Score another setback for conventional wisdom.

By using his pulpit to proclaim the simple necessity of love "in a world where," as Benedict put it in the document's introduction, "the name of God is sometimes associated with vengeance or even a duty of hatred and violence," the pope is speaking to a world in which war is too often the defining characteristic of relations between peoples of faith.

But even more powerfully, Benedict is re-emphasizing the virtue often lacking in the life, work, and daily conversation of the Catholic church. While it covers the necessity of love at all levels of the wider world, Deus caritas est also expresses the pope's thinly-veiled wish for the unity of his divided flock.

In its passages about sex, love and marriage, the encyclical takes to task the liberalized mores of the West.
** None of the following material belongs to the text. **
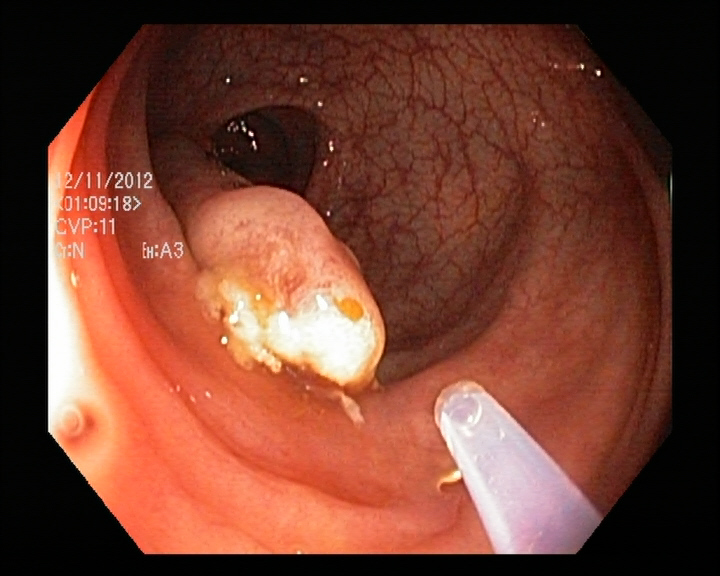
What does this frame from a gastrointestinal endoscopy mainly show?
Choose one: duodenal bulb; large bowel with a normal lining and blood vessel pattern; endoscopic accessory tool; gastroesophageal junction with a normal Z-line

The mutually self-giving love between man and woman is described as "the one in particular [that] stands out [from all other love]... where body and soul are inseparably joined and human beings glimpse an apparently irresistible promise of happiness." "Monogamous marriage" is placed on a par with "the image of a monotheistic God." The pope notes that "marriage based on exclusive and definitive love becomes the icon of the relationship between God and his people and vice versa."

But this encyclical's call to love, even when it is inconvenient or uneasy, should give pause to the church's lay activists at the extremes. Particularly in the United States, the fringes of the Catholic community have viewed those who disagree with them as virtually excommunicated.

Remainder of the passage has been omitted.